In April Rostov was on duty. At about eight in the morning, returning home after a sleepless night, he had coals brought in, changed his underclothes soaked through with rain, said his prayers, drank his tea, warmed up, put his things in order in his corner and on the table, and lay down on his back with his hands clasped behind his head, his weathered, flushed face turned upward, wearing only his shirt. He was pleasantly pondering that his next promotion, due for the most recent reconnaissance, ought to come through any day now, and he was waiting for Denisov, who had gone out somewhere.

Behind the shelter Denisov's rolling shout was heard, evidently greatly heated. Rostov moved to the window to see with whom he had business, and caught sight of the warrant officer Topcheyenko.

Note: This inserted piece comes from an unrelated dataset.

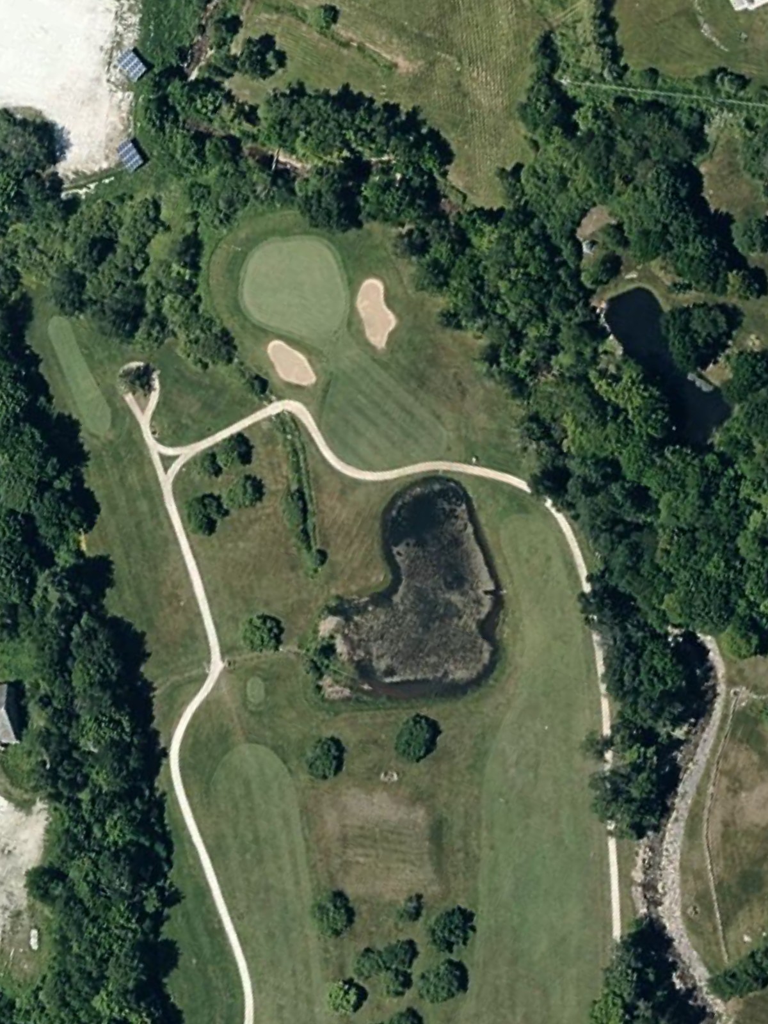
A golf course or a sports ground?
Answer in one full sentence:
This looks like a golf course.
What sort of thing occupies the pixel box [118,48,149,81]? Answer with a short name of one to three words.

"I ordered you not to let them gobble up that root — some Mashkin thing!" Denisov was shouting. "I saw it myself — Lazarchuk was dragging it in from the field."

"I gave the order, Your Honour — they won't listen," answered the warrant officer.

Rostov lay back on his bed with satisfaction and thought: "Let him fuss and bustle — I've done my work and I'm lying down — splendid!" Through the wall he could hear that, besides the warrant officer, Lavrushka was speaking too — Denisov's lively and roguish lackey. Lavrushka was telling about some wagons, rusks, and oxen he had seen when he rode out for provisions.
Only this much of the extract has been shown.